A new bifunctional C3N nanosheet of NO2, SO2 gas sensor and CO2 separation: A first-principles study

A new-style two-dimensional C3N monolayer, unlike the honeycomb C3N monolayer, is proposed as a gas sensor, capture and separation. By using the first-principles method, the adsorption behaviors of gas molecules (NH3, H2S, SO2, CO, CO2, NO, NO2, CH4, HCN, N-2, H-2 and O-2) on the C3N monolayer were investigated, and the charge density difference, density of state and Hirshfeld charge of those adsorption systems were also discussed.
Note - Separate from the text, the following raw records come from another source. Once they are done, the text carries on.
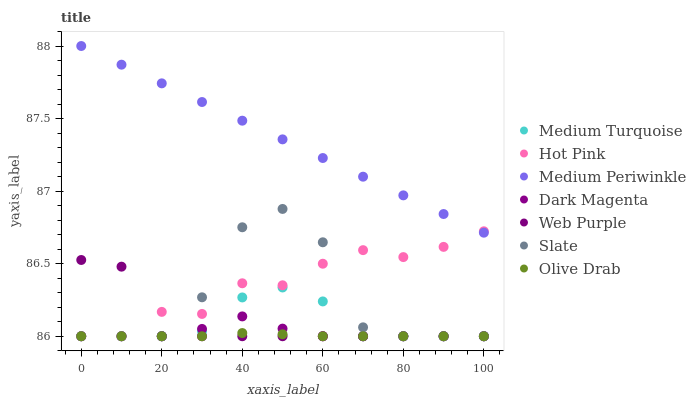Does Olive Drab have the minimum area under the curve?
Answer yes or no. Yes. Does Medium Periwinkle have the maximum area under the curve?
Answer yes or no. Yes. Does Slate have the minimum area under the curve?
Answer yes or no. No. Does Slate have the maximum area under the curve?
Answer yes or no. No. Is Medium Periwinkle the smoothest?
Answer yes or no. Yes. Is Slate the roughest?
Answer yes or no. Yes. Is Hot Pink the smoothest?
Answer yes or no. No. Is Hot Pink the roughest?
Answer yes or no. No. Does Dark Magenta have the lowest value?
Answer yes or no. Yes. Does Medium Periwinkle have the lowest value?
Answer yes or no. No. Does Medium Periwinkle have the highest value?
Answer yes or no. Yes. Does Slate have the highest value?
Answer yes or no. No. Is Web Purple less than Medium Periwinkle?
Answer yes or no. Yes. Is Medium Periwinkle greater than Web Purple?
Answer yes or no. Yes. Does Hot Pink intersect Olive Drab?
Answer yes or no. Yes. Is Hot Pink less than Olive Drab?
Answer yes or no. No. Is Hot Pink greater than Olive Drab?
Answer yes or no. No. Does Web Purple intersect Medium Periwinkle?
Answer yes or no. No. 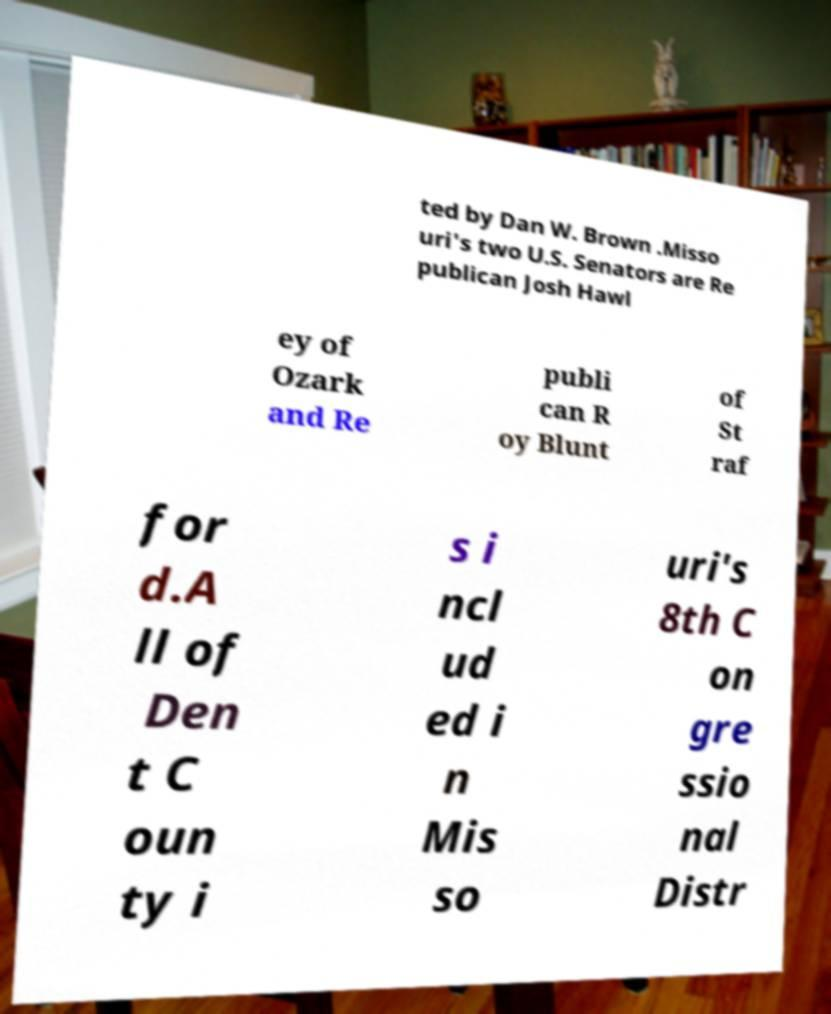Please identify and transcribe the text found in this image. ted by Dan W. Brown .Misso uri's two U.S. Senators are Re publican Josh Hawl ey of Ozark and Re publi can R oy Blunt of St raf for d.A ll of Den t C oun ty i s i ncl ud ed i n Mis so uri's 8th C on gre ssio nal Distr 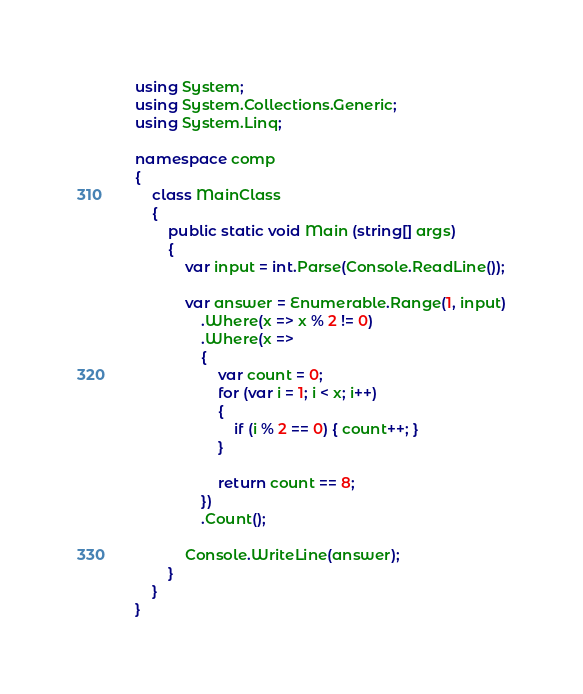Convert code to text. <code><loc_0><loc_0><loc_500><loc_500><_C#_>using System;
using System.Collections.Generic;
using System.Linq;

namespace comp
{
	class MainClass
	{
		public static void Main (string[] args)
		{
			var input = int.Parse(Console.ReadLine());

			var answer = Enumerable.Range(1, input)
				.Where(x => x % 2 != 0)
				.Where(x =>
				{
					var count = 0;
					for (var i = 1; i < x; i++)
					{
						if (i % 2 == 0) { count++; }
					}

					return count == 8;
				})
				.Count();

			Console.WriteLine(answer);
		}
	}
}
</code> 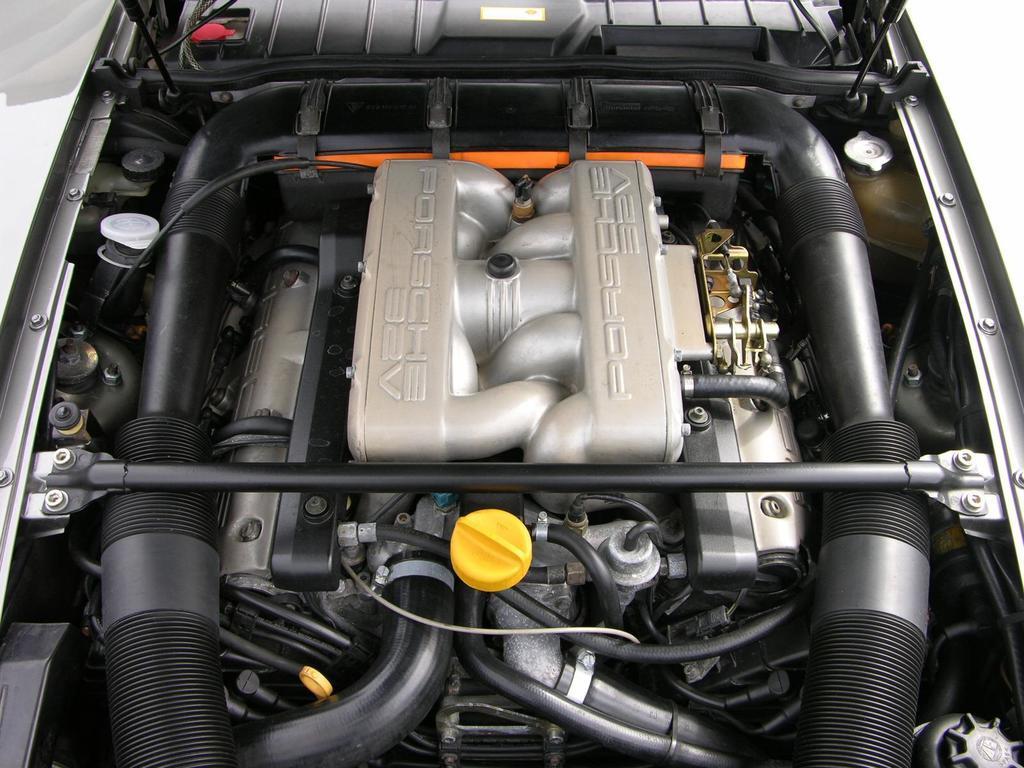Can you describe this image briefly? In this image we can see the car engine. 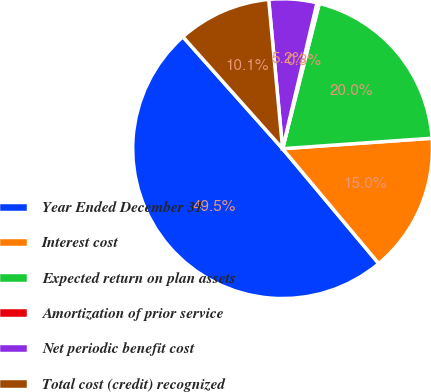<chart> <loc_0><loc_0><loc_500><loc_500><pie_chart><fcel>Year Ended December 31<fcel>Interest cost<fcel>Expected return on plan assets<fcel>Amortization of prior service<fcel>Net periodic benefit cost<fcel>Total cost (credit) recognized<nl><fcel>49.51%<fcel>15.02%<fcel>19.95%<fcel>0.25%<fcel>5.17%<fcel>10.1%<nl></chart> 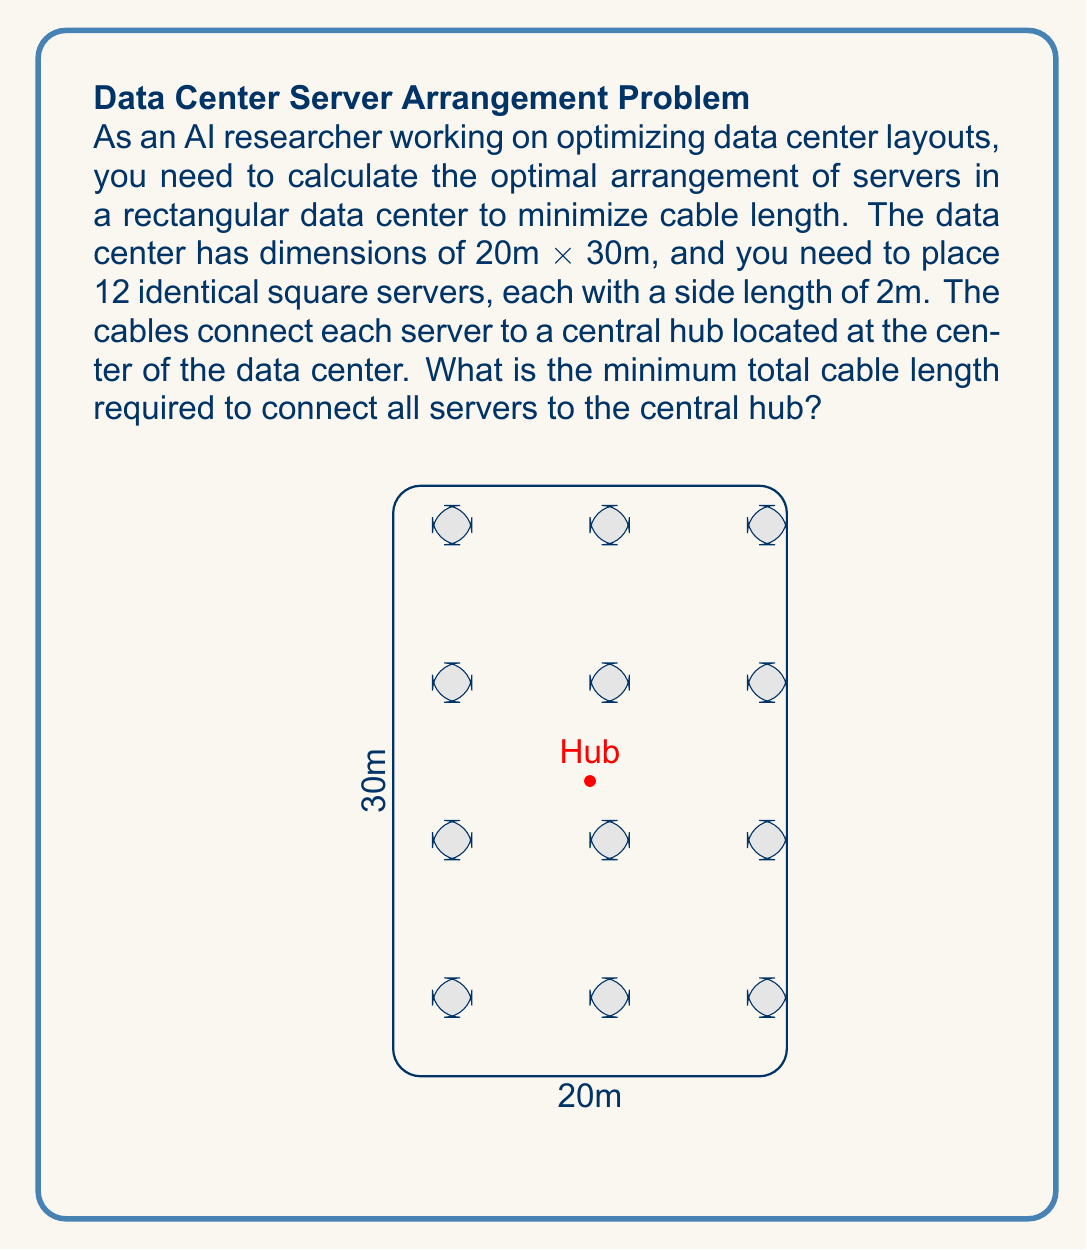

The results show that the SO2 and NO2 are chemisorbed on the C3N nanosheet with large adsorption strength, while the other gases are adsorbed by weak physisorption. The analysis of charge density difference and density of state suggests that SO2 and NO2 gain much charge from C3N sheet, and the hybridizations between C3N sheet and SO2/NO2-p orbitals lead to strong gas-adsorbent interactions. The recovery time of SO2 and NO2 is predicted to be 7.47 x 10(-4) s and 15.91 s at room temperature. Additionally, the CO2 can be captured and separated from the mixtures of CO2, NH3, H2S, CO, CH4, H-2 through injecting two electrons into C3N sheet. Therefore, the new C3N nanosheet can be a promising bifunctional material as SO2, NO2 sensor and CO2 separation.